RAG-mediated DNA Damage Responses in Immune Development and Function

PROJECT SUMMARY
Lymphocyte development is precisely controlled to enable clonal expansion and expression of a diverse
immunoglobulin receptor repertoire, which proceeds through DNA double-stranded breaks (DSBs) generated by
the RAG endonuclease. These two dichotomous, but interdependent processes, are managed through the
cooperation of diverse cellular signals to prevent cells with DSBs from entering cell cycle where they could be
aberrantly repaired as translocations. During early B cell development, the pre-B cell receptor (pre-BCR), through
activation of the SYK kinase, coordinates both the proliferative expansion of pre-B cells and the assembly of
immunoglobulin receptor genes. Negative regulation of the pre-BCR is required to ensure cell cycle arrest and
limit the number of DNA breaks generated during immunoglobulin receptor gene assembly.
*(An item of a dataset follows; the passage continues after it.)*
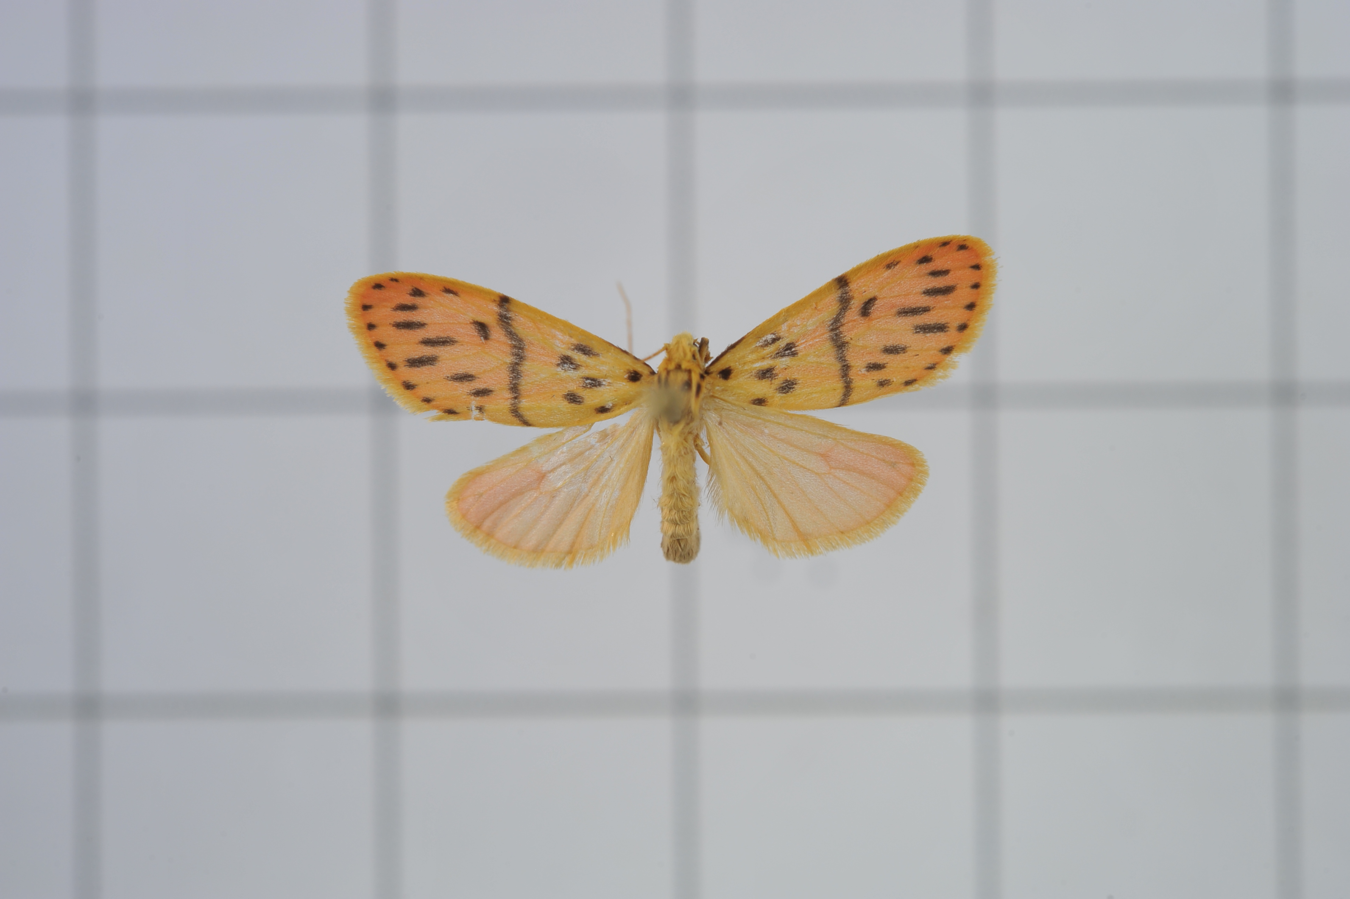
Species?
Miltochrista acteola
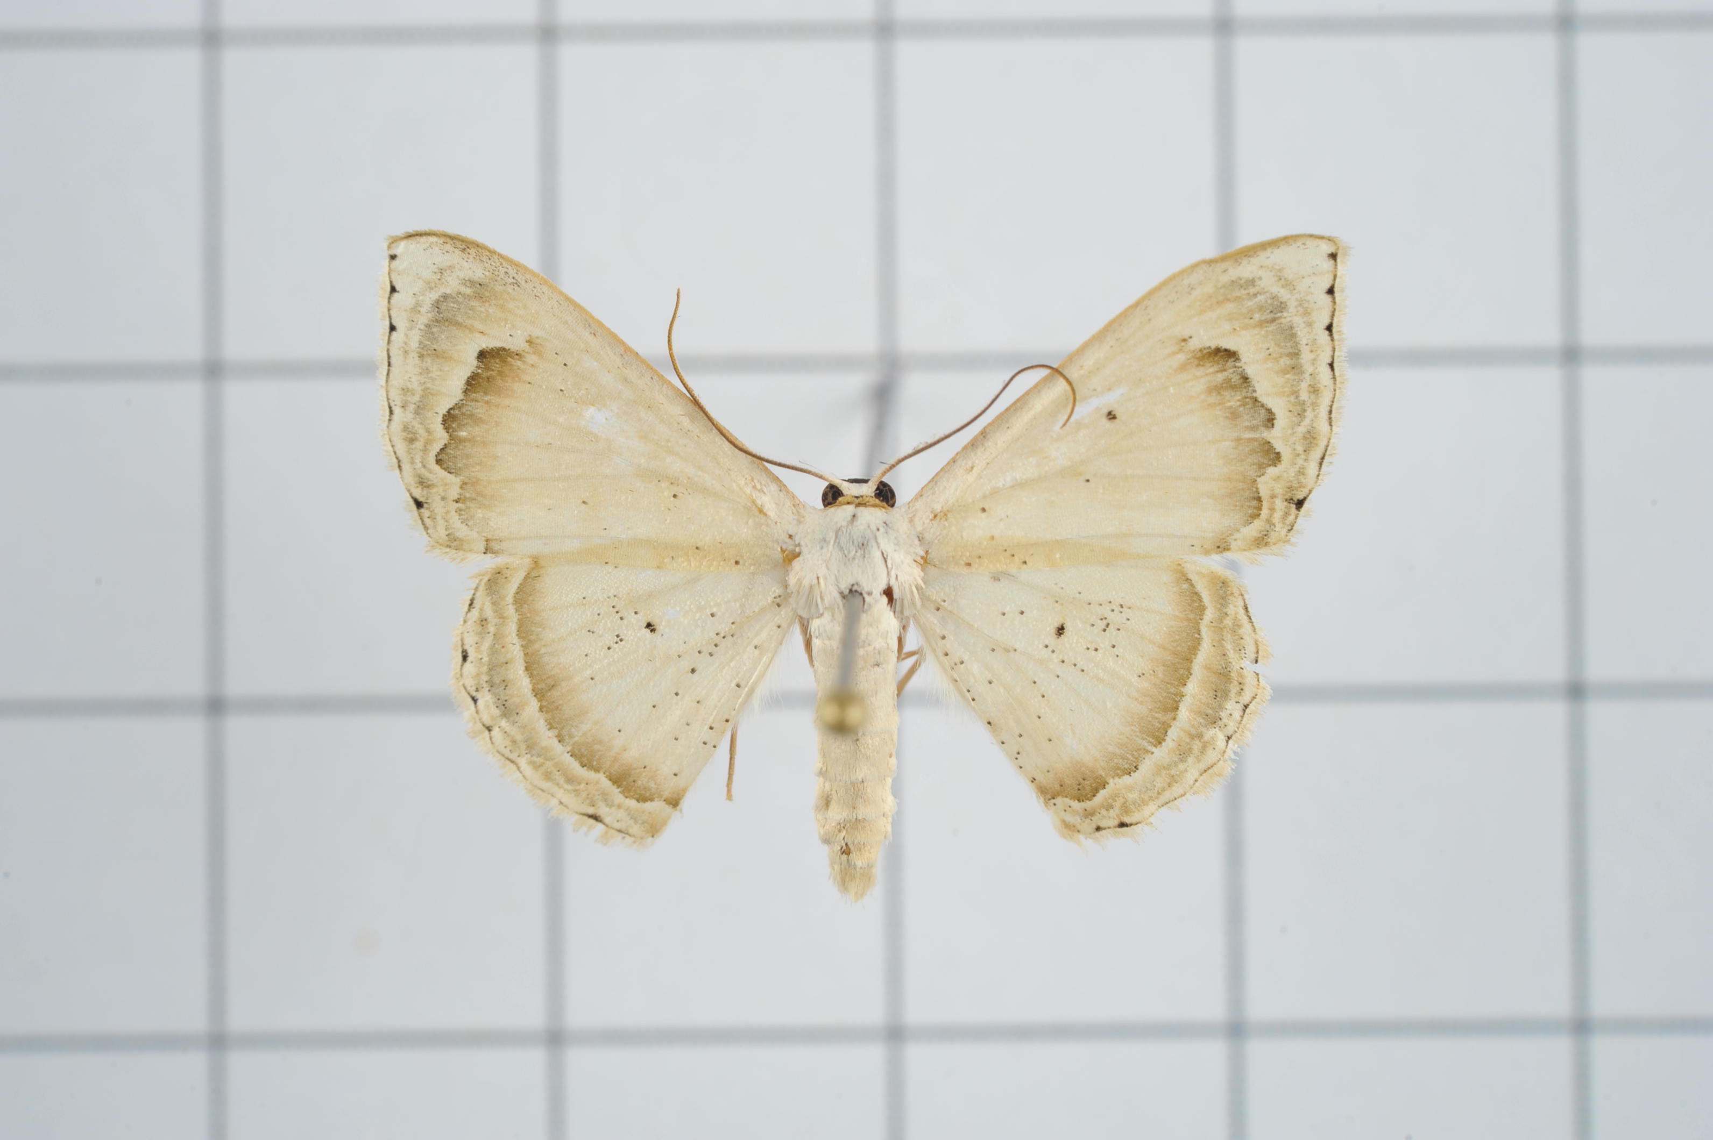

Indeed, unopposed
pre-BCR signaling, particularly increased SYK activity, drives proliferation and leukemic transformation.
However, the mechanisms that repress SYK and pre-BCR signaling are not known and remain a critical gap in
our understanding of B cell maturation. We have identified a novel cell-type specific program activated by signals
from RAG DSBs that suppresses SYK and inhibits pre-BCR signaling. Deficiencies in this DNA damage-
mediated feedback circuit result in initiation of pre-B cell leukemia. Surprisingly, this signaling network is not
triggered by all DNA injury but, rather, is specific to RAG DSBs generated during immunoglobulin receptor gene
assembly. Our goal is to determine how signals from RAG DSBs integrate with developmental programs
to coordinate B cell maturation and prevent leukemic transformation. We propose that RAG DSBs
suppress SYK to enforce cell cycle arrest and, thereby prevent B cells with DNA breaks from re-entering cell
cycle. This DNA damage-mediated checkpoint program would permit iterative attempts at generation of a mature
antigen receptor to promote B cell differentiation while preventing leukemic initiation. Further, we propose that
these DNA damage signals are activated through distinct domains of the RAG endonuclease that interact with
proteins at sites of DSBs to modulate signaling pathways. This RAG-specific mechanism in B cells discriminates
between normal and errant DSBs to activate appropriate cellular responses. Utilizing an innovative experimental
approach that allows interrogation of DSB signals within the context of B cell developmental programs, our
proposed studies will define how RAG DSB signals maintain pre-B cell checkpoint and will resolve the
mechanisms that distinguish RAG-mediated from non-RAG-mediated DNA damage. Completion of these studies
will delineate pathways critical for dampening proliferative signals in early B cells, establish signals that restrict
leukemogenesis, and define novel functions of the RAG endonuclease in regulating DNA damage responses.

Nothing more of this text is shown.